M gn (medial geniculate nucleus); the role is passing auditory info from the inferior colliculus to the auditory cortex.
A uditory cortex
Blind spot
The small circular area at the back of the retina where the optic nerve enters the eyeball and which lacks photoreceptors (rods and cones) and is not sensitive to light (no light-sensitive cells). This exists because the optic nerve exits the retina at a specific point, creating a small area where there are no light-sensitive cells, meaning that the spot cannot detect light and, therefore, cannot produce a visual image.

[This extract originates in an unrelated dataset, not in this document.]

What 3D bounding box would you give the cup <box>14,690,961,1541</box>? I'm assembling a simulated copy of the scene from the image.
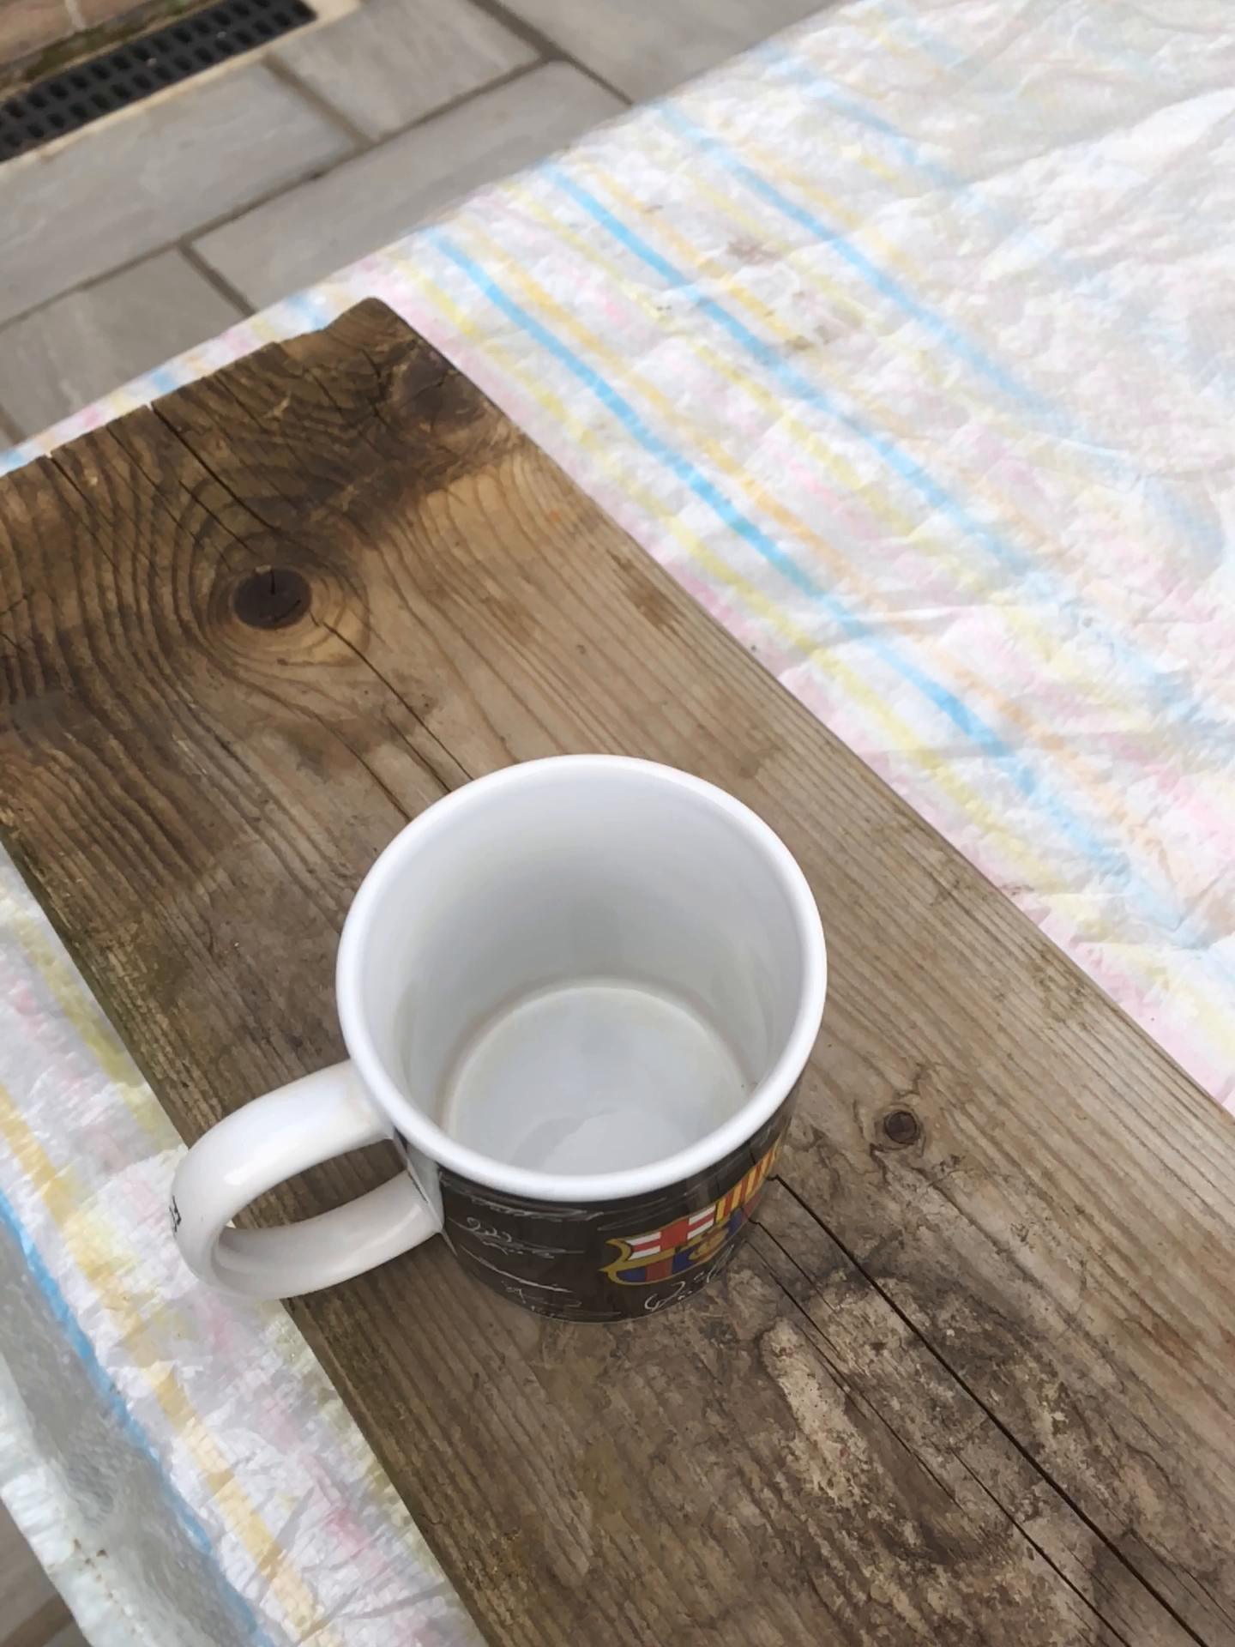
[{"bbox_3d":[-0.023,0.058,0.265,0.130,0.090,0.090,-25,63,-13],"label":"cup"}]

center-surround organization
center-surround receptive fields emphasize edges (differences in light levels). Ganglion cells maintain a center-surround organization. Cells in the LGN have concentric receptive fields with either an on-center, off-surround organization or an off-center, on-surround organization. The on-center, off-surround cell fires rapidly when the light encompasses the center region and is inhibited when the light is positioned over the surround. A stimulus that spans both the center and the surround produces little change in activity.
Chemical senses
Gustation (taste) and smell (olfaction); these senses interpret the environment by dsicriminating between different chemicals. They both begin with a chemical stimulus. They both rely on detecting chemical molecules in the environment to send signals to the brain for interpretation as a sensory experience.
Color vision
Loss of color vision results in achromatopsia. Color vision is enabled by cone receptors. The ability to see and differentiate colors.
1. Light enters the eye and stimulates different types of cones
2. the cones send signals to the brain via the optic nerve
3. the brain processes the signals from the cones to perceive color.
Columnar organization of sensory cortex
the arrangement of neurons in the sensory areas of the brain into vertical columns, where each column contains a group of neurons with similar properties, like responding to the same type of sensory input from a specific area of the body. V1 has a columnar organization for ocular dominance and orientation tuning
Cone
Each cone connects to an individual output cell, press and provides high acuity. Cones enable color vision via 3 types that respond to different light frequencies. It has 10-100x less sensitive than rods and functions best in bright environments.
Cortical magnification
Certain sensory regions (eg. fovea or fingertips) are represented by disproportionately larger cortical areas, it enhances resolution and discrimination in highly sensitive regions, enabling more detailed perception and precise interpretation of stimuli. It describes how the brain allocates neurons to process visual and tactile info.